I, Driver

“I drive”.

And with those two words, director Nicolas Winding Refn reveals his intentions for Drive, a taut actioner and disarming character study that filters Jean-Pierre Melville’s Le Samouraï through the slick lens of Michael Mann. Ryan Gosling’s hero, known only as “Driver”, is a page Refn tears right out of the Sergio Leone “man with no name” playbook. He is a man of action—he has no extraneous backstory, he doesn’t do any grand-standing, and his speech is direct and deliberate. Whether driving a getaway vehicle, working as a grease monkey, performing stunts for B-movie action flicks, or aspiring to race professionally in the stock car circuit, Driver is his profession.

Like Le Samouraï, The American, or even Hanna before it, the bulk of Drive’s conflict is gleaned from the nameless protagonist becoming too attached to otherwise incidental characters until their safety’s threatened and the job is made personal. Where Drive succeeds is in how Refn overcomes the formulaic nature of such a narrative which is to say through every other aspect of this film.

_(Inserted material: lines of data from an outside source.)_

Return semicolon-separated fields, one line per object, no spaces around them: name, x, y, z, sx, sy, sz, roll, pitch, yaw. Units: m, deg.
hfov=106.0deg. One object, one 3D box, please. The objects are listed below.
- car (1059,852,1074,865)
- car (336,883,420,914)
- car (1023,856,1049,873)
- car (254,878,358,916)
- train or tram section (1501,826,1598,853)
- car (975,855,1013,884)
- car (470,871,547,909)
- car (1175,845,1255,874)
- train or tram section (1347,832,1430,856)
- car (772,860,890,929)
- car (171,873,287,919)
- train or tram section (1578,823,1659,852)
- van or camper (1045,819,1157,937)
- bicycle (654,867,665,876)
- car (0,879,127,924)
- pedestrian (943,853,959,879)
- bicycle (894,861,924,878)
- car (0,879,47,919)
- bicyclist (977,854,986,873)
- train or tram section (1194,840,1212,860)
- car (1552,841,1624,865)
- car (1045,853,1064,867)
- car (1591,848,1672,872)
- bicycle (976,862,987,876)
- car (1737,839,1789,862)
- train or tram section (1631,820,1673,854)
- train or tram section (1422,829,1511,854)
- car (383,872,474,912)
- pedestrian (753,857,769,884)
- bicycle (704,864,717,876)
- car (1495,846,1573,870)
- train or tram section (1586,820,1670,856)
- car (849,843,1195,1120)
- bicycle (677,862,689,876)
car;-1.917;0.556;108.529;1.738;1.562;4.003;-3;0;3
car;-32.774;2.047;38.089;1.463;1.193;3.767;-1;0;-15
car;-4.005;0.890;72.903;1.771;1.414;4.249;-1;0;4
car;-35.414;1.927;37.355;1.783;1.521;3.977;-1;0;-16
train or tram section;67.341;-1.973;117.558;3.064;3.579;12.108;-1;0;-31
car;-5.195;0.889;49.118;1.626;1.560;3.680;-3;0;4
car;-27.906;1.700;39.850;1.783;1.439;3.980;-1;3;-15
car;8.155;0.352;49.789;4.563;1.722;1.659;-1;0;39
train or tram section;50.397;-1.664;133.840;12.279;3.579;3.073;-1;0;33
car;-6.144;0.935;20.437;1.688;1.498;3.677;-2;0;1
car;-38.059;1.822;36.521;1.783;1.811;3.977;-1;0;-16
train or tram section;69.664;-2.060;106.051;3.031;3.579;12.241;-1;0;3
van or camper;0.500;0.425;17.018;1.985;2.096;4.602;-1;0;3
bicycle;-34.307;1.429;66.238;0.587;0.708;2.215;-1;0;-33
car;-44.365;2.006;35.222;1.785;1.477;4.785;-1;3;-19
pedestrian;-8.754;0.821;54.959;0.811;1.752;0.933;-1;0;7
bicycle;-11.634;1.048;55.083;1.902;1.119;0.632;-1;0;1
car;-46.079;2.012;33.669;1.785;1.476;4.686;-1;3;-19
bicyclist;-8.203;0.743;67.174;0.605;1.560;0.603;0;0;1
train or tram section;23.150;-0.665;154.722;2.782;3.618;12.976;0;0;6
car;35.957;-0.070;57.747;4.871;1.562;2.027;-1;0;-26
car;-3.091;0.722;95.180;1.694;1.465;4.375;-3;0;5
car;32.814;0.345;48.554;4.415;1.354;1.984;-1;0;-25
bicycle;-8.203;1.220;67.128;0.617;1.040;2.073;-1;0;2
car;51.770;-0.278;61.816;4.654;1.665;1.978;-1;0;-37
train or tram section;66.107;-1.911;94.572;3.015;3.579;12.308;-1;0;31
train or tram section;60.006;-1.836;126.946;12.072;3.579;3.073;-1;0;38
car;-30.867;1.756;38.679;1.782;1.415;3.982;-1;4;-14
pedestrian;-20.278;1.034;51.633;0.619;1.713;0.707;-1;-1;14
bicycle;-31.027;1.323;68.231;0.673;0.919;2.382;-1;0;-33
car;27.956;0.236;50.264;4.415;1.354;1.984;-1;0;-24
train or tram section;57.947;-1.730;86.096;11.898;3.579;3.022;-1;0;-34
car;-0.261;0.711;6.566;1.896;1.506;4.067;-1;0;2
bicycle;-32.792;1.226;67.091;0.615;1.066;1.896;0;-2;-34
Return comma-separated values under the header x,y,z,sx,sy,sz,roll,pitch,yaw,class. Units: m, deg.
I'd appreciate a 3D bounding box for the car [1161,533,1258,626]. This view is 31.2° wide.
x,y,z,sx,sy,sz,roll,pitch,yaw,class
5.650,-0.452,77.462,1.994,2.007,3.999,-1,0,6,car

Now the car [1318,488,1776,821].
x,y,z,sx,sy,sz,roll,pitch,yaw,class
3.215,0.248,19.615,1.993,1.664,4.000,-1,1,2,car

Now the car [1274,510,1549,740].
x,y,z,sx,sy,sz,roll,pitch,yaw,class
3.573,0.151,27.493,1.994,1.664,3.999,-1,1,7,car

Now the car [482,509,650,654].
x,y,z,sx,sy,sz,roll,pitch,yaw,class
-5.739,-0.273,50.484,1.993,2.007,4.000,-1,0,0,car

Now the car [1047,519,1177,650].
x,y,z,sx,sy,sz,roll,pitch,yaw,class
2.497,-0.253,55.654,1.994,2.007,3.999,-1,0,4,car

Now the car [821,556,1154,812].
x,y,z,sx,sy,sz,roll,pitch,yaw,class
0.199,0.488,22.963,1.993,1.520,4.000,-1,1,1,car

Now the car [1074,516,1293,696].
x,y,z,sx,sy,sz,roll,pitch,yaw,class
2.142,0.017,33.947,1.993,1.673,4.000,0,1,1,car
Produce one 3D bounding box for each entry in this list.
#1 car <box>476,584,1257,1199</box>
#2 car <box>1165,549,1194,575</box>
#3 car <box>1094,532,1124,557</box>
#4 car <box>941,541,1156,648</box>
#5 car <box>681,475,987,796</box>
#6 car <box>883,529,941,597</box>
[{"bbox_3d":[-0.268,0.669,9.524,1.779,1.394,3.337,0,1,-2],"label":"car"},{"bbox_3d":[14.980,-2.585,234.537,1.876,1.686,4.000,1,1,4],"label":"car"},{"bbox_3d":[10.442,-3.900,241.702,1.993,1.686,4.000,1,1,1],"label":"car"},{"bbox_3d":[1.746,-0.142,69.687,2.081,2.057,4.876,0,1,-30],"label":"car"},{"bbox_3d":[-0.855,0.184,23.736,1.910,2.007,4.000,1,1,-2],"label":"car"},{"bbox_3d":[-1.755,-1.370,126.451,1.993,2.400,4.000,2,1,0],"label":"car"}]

The onscreen talent in Drive is astounding. Driver and Irene (the enchanting Carey Mulligan) share a chaste, fairytale love story, but rather than prattling on, they barely utter a word, instead conveying volumes through their innocent, aching gazes. Everyone else overcompensates with their loquaciousness, a cast of dangerously inept gangsters and wannabe players each scrambling desparately to avoid the fatal consequences to their involvement in Drive’s central plot. Bryan Cranston’s hapless but well-intentioned big-mouth, Shannon, continues to dig Driver, Irene, and himself into a continually deeper hole with the ruthless Nino (Ron Perlman) and his increasingly vexed partner Bernie Rose, superbly played against type by Albert Brooks in a performance analogous to Henry Fonda’s villainous turn in Once Upon A Time In The West. One of the many great joys of Drive is there is no transformation for these characters; Refn simply throws them together and let’s the audience watch the violent drama transpire.

What ensues is riveting, a series of concise but powerful moments aided in no small part by Refn’s arthouse flair. The opening getaway sequence, consisting of fly-over shots of a midnight Los Angeles and tight interiors of Driver chewing on a toothpick and clenching his leather-clad hand as he cautiously eludes the authorities, is not only the most intense sequence of the year but consists of the most original vehicular stunt work since Bullitt. Throughout, Refn’s sparse dialogue, slow-burn approach serves Drive better than similar recent genre films such as Hanna or The American. Where Joe Wright and Anton Corbijn’s respective works missed the mark was not in the build up of tension but in the release, a technique Refn masters in Drive to palm-sweating perfection. And, rather than pulling any punches by “artistically” cutting away to maintain a PG-13, Drive is gratuitously brutal when the violence peaks, evidenced further by Driver’s increasingly bloodied scorpion-emblazoned racing jacket.

Drive is a simple tale told exceptionally well. Though imperfect (it’s hard not to be a tad disappointed after such a tense opening) and certain to be dismissed by some as unendurable and indecipherable, Drive is a patient, excating work beautifully composed and masterfully crafted with all the impact of classic cinema. Nicolas Winding Refn’s Drive is only going to grow in esteem and is sure to age like a fine wine.